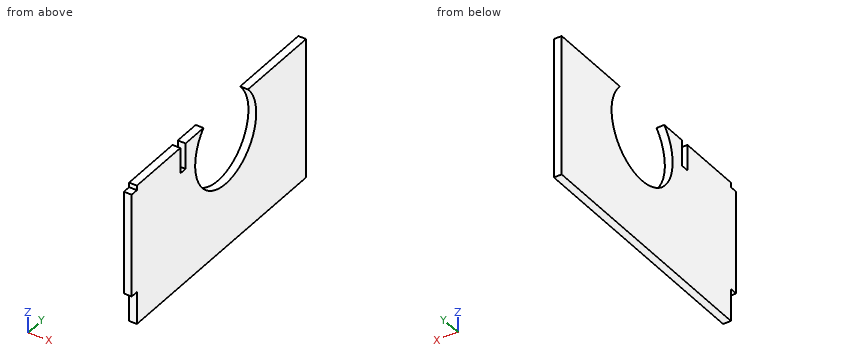
Solid Edge part; units mm, degrees
sketch "Sketch1" plane through (0, 0, 0) normal (1, 0, 0) x (0, 1, 0)
  line L0 (-9.4265, 59.4757) -> (-9.4265, 5.1057)
  line L1 (-9.4265, 5.1057) -> (-106.4265, 5.1057)
  line L2 (-106.4265, 5.1057) -> (-106.4265, 17.6757)
  line L3 (-106.4265, 17.6757) -> (-109.4265, 17.6757)
  line L4 (-109.4265, 17.6757) -> (-109.4265, 57.6757)
  line L5 (-109.4265, 57.6757) -> (-106.4265, 57.6757)
  line L6 (-106.4265, 57.6757) -> (-106.4265, 59.4757)
  line L7 (-106.4265, 59.4757) -> (-81.5265, 59.4757)
  line L8 (-81.5265, 49.4757) -> (-81.5265, 59.4757)
  line L9 (-78.5265, 49.4757) -> (-81.5265, 49.4757)
  line L10 (-78.5265, 59.4757) -> (-78.5265, 49.4757)
  line L11 (-78.5265, 59.4757) -> (-68.2643, 59.4757)
  line L12 (-42.7888, 59.4757) -> (-9.4265, 59.4757)
  arc A0 (-42.7888, 59.4757) -> (-68.2643, 59.4757) centre (-55.5265, 47.4757) cw
  dimension "D1" = 109.4265
  dimension "D2" = 9.4265
  dimension "D3" = 109.4265
  dimension "D4" = 106.4265
  dimension "D5" = 78.5265
  dimension "D6" = 81.5265
extrude "Protrusion1" add sketch "Sketch1" along normal blind 3
properties material "Acier"
Work out the finished part from the listing and answer in its coordinate system (mm). Round coordinates to 2 decimals unless told otherwise and drop trailing zeros. Write each loop counter-clockwise with the first axis right and the second up, starting at its lowest first coordinate (ties: lowest second). Pieces come first, ordered by that corner, then holes. Notation, with made-up numbers: (-27.5, 25) - (23.5, 25) arc R26 ccw to (23.5, 41) - close; hole circle Ø3 at (-18, 33). An arc over 180 degrees is marked (long way). Answer in a Markdown table with one row per item. Add a question column.
1. A cutting plane is placed at A-A, the plane z = 35. Determine the outline of the cut face in (x, y), and give its area (3 significant figures).
2. Find the intervals of material crossed by line 1 along Y through (x, z) = (1.3, 52); line 2 along Y through (x, z) = (0.7, 51); line 3 along Y through (x, z) = (0.6, 48), in increasing order. Write a range as from..to.
3. A cutting plane is placed at B-B, the plane z = 56.5. Determine the outline of the cut face in (x, y).
4. A cutting plane is placed at C-C, the plane y = -39. Determine the outline of the cut face in (x, z), and give its area (3 significant figures).
5. A cutting plane is placed at D-D, the plane x = 1.6. Determine the outline of the cut face in (y, z), and give its area (3 significant figures).
6. Given pin 1 (21 mm diameter, centred on y = -55.53, z = 47.48, fed in from -X); pin 2 (0.9 mm diameter, centred on x = 1.5, y = -107.5, fed in from +Z), each flat-ended and moving along its own axis, determine where each tip first touches the part or whether it passes through.
Worked out:
| question | item | result |
|---|---|---|
| 1 | outline | (0, -109.43) - (3, -109.43) - (3, -67.8) - (0, -67.8) - close; (0, -43.25) - (3, -43.25) - (3, -9.43) - (0, -9.43) - close |
| 1 | area | 226 mm^2 |
| 2 | line 1 | -109.43..-81.53, -78.53..-72.43, -38.62..-9.43 |
| 2 | line 2 | -109.43..-81.53, -78.53..-72.67, -38.39..-9.43 |
| 2 | line 3 | -109.43..-73.02, -38.03..-9.43 |
| 3 | outline | (0, -109.43) - (3, -109.43) - (3, -81.53) - (0, -81.53) - close; (0, -78.53) - (3, -78.53) - (3, -70.52) - (0, -70.52) - close; (0, -40.53) - (3, -40.53) - (3, -9.43) - (0, -9.43) - close |
| 4 | outline | (0, 5.11) - (3, 5.11) - (3, 41.72) - (0, 41.72) - close; (0, 53.23) - (3, 53.23) - (3, 59.48) - (0, 59.48) - close |
| 4 | area | 129 mm^2 |
| 5 | outline | (-109.43, 17.68) - (-106.43, 17.68) - (-106.43, 5.11) - (-9.43, 5.11) - (-9.43, 59.48) - (-42.79, 59.48) arc R17.5 cw (long way) to (-68.26, 59.48) - (-78.53, 59.48) - (-78.53, 49.48) - (-81.53, 49.48) - (-81.53, 59.48) - (-106.43, 59.48) - (-106.43, 57.68) - (-109.43, 57.68) - close |
| 5 | area | 4,500 mm^2 |
| 6 | pin 1 | through |
| 6 | pin 2 | z = 57.68 |

*-*-*

--- Prompt ---
All that is wanted is each line, word for word, from the first line of the data to the one holding "line L2 (-106.4265, 5.1057)", with the pictures left out.

--- Task result ---
Solid Edge part; units mm, degrees
sketch "Sketch1" plane through (0, 0, 0) normal (1, 0, 0) x (0, 1, 0)
  line L0 (-9.4265, 59.4757) -> (-9.4265, 5.1057)
  line L1 (-9.4265, 5.1057) -> (-106.4265, 5.1057)
  line L2 (-106.4265, 5.1057) -> (-106.4265, 17.6757)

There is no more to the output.